* _Task description_
Each line below must be reproduced exactly as it stands. Pictures stay out of the copy.

Saved entries
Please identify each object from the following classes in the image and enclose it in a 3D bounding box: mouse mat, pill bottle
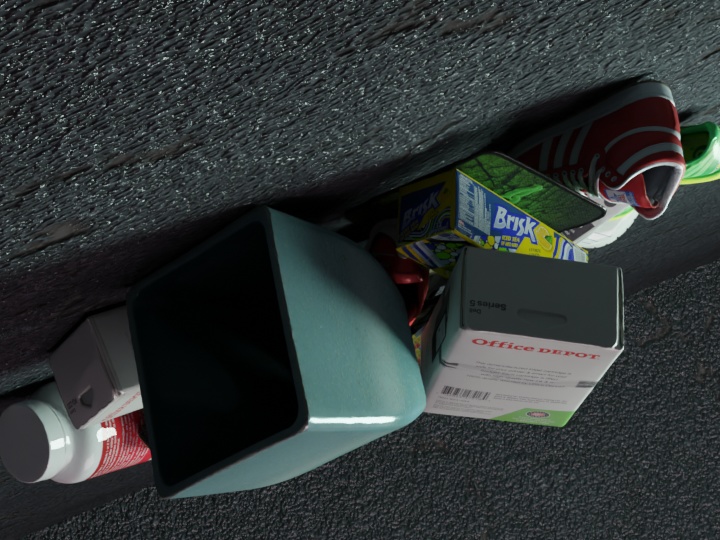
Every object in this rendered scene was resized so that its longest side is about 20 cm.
[{"bbox_3d":[0.103,-0.052,1.570,0.161,0.008,0.200,24,150,-36],"label":"mouse mat"},{"bbox_3d":[-0.290,0.166,1.861,0.112,0.112,0.200,-29,170,37],"label":"pill bottle"}]

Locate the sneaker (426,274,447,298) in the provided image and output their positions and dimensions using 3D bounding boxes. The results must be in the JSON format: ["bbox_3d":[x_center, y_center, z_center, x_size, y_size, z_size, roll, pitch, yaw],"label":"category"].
[{"bbox_3d":[0.048,0.012,1.942,0.088,0.074,0.200,-17,160,-38],"label":"sneaker"}]

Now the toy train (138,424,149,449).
[{"bbox_3d":[-0.169,0.112,1.825,0.056,0.042,0.200,15,112,-51],"label":"toy train"}]

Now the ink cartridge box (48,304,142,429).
[{"bbox_3d":[-0.183,0.073,1.659,0.200,0.085,0.146,-20,171,-31],"label":"ink cartridge box"}]

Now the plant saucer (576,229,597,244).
[{"bbox_3d":[0.167,-0.029,1.836,0.200,0.050,0.200,-29,169,-6],"label":"plant saucer"}]

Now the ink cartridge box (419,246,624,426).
[{"bbox_3d":[0.141,0.064,1.550,0.145,0.084,0.200,7,154,-7],"label":"ink cartridge box"}]

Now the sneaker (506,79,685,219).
[{"bbox_3d":[0.206,-0.081,1.568,0.200,0.113,0.071,-32,139,28],"label":"sneaker"}]

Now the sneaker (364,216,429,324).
[{"bbox_3d":[0.027,0.024,1.629,0.077,0.085,0.200,3,153,-2],"label":"sneaker"}]

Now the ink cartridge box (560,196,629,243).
[{"bbox_3d":[0.211,-0.074,1.661,0.200,0.039,0.100,-36,-155,24],"label":"ink cartridge box"}]

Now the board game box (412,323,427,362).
[{"bbox_3d":[0.133,0.062,1.837,0.165,0.057,0.200,-41,166,15],"label":"board game box"}]

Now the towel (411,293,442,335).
[{"bbox_3d":[0.070,0.099,1.945,0.192,0.035,0.200,-21,146,-52],"label":"towel"}]

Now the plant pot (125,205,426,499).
[{"bbox_3d":[-0.056,0.082,1.497,0.200,0.196,0.196,10,150,-44],"label":"plant pot"}]

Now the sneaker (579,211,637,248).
[{"bbox_3d":[0.239,-0.056,2.019,0.200,0.075,0.087,-25,167,9],"label":"sneaker"}]

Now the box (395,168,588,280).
[{"bbox_3d":[0.122,-0.018,1.555,0.070,0.064,0.200,-18,146,39],"label":"box"}]

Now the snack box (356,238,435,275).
[{"bbox_3d":[0.000,0.000,1.746,0.200,0.037,0.116,-18,169,15],"label":"snack box"}]

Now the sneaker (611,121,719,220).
[{"bbox_3d":[0.309,-0.117,1.872,0.200,0.074,0.084,-22,147,19],"label":"sneaker"}]
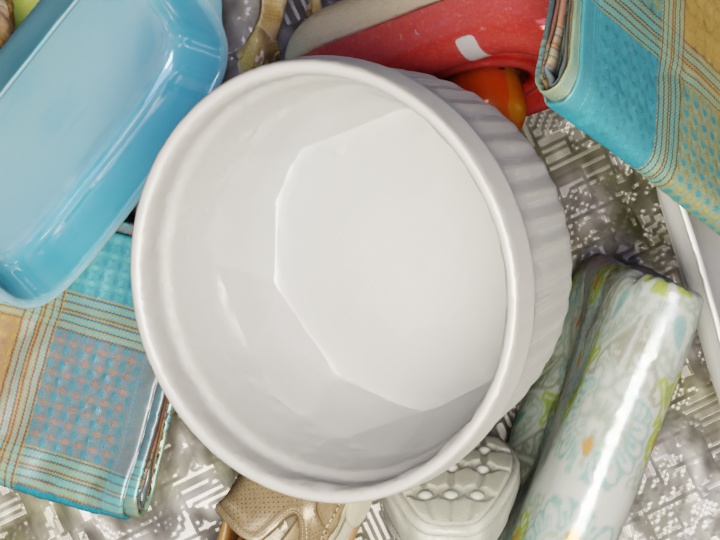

* _Solved exercise_
Please identify each object from the following classes in the image and enclose it in a 3D bounding box: mouse mat, pill bottle
Every object in this rendered scene was resized so that its longest side is about 20 cm.
[{"bbox_3d":[0.103,-0.052,1.570,0.161,0.008,0.200,24,150,-36],"label":"mouse mat"},{"bbox_3d":[-0.290,0.166,1.861,0.112,0.112,0.200,-29,170,37],"label":"pill bottle"}]

Locate the sneaker (426,274,447,298) in the provided image and output their positions and dimensions using 3D bounding boxes. The results must be in the JSON format: ["bbox_3d":[x_center, y_center, z_center, x_size, y_size, z_size, roll, pitch, yaw],"label":"category"].
[{"bbox_3d":[0.048,0.012,1.942,0.088,0.074,0.200,-17,160,-38],"label":"sneaker"}]

Now the toy train (138,424,149,449).
[{"bbox_3d":[-0.169,0.112,1.825,0.056,0.042,0.200,15,112,-51],"label":"toy train"}]

Now the ink cartridge box (48,304,142,429).
[{"bbox_3d":[-0.183,0.073,1.659,0.200,0.085,0.146,-20,171,-31],"label":"ink cartridge box"}]

Now the plant saucer (576,229,597,244).
[{"bbox_3d":[0.167,-0.029,1.836,0.200,0.050,0.200,-29,169,-6],"label":"plant saucer"}]

Now the ink cartridge box (419,246,624,426).
[{"bbox_3d":[0.141,0.064,1.550,0.145,0.084,0.200,7,154,-7],"label":"ink cartridge box"}]

Now the sneaker (506,79,685,219).
[{"bbox_3d":[0.206,-0.081,1.568,0.200,0.113,0.071,-32,139,28],"label":"sneaker"}]

Now the sneaker (364,216,429,324).
[{"bbox_3d":[0.027,0.024,1.629,0.077,0.085,0.200,3,153,-2],"label":"sneaker"}]

Now the ink cartridge box (560,196,629,243).
[{"bbox_3d":[0.211,-0.074,1.661,0.200,0.039,0.100,-36,-155,24],"label":"ink cartridge box"}]

Now the board game box (412,323,427,362).
[{"bbox_3d":[0.133,0.062,1.837,0.165,0.057,0.200,-41,166,15],"label":"board game box"}]

Now the towel (411,293,442,335).
[{"bbox_3d":[0.070,0.099,1.945,0.192,0.035,0.200,-21,146,-52],"label":"towel"}]

Now the plant pot (125,205,426,499).
[{"bbox_3d":[-0.056,0.082,1.497,0.200,0.196,0.196,10,150,-44],"label":"plant pot"}]

Now the sneaker (579,211,637,248).
[{"bbox_3d":[0.239,-0.056,2.019,0.200,0.075,0.087,-25,167,9],"label":"sneaker"}]

Now the box (395,168,588,280).
[{"bbox_3d":[0.122,-0.018,1.555,0.070,0.064,0.200,-18,146,39],"label":"box"}]

Now the snack box (356,238,435,275).
[{"bbox_3d":[0.000,0.000,1.746,0.200,0.037,0.116,-18,169,15],"label":"snack box"}]

Now the sneaker (611,121,719,220).
[{"bbox_3d":[0.309,-0.117,1.872,0.200,0.074,0.084,-22,147,19],"label":"sneaker"}]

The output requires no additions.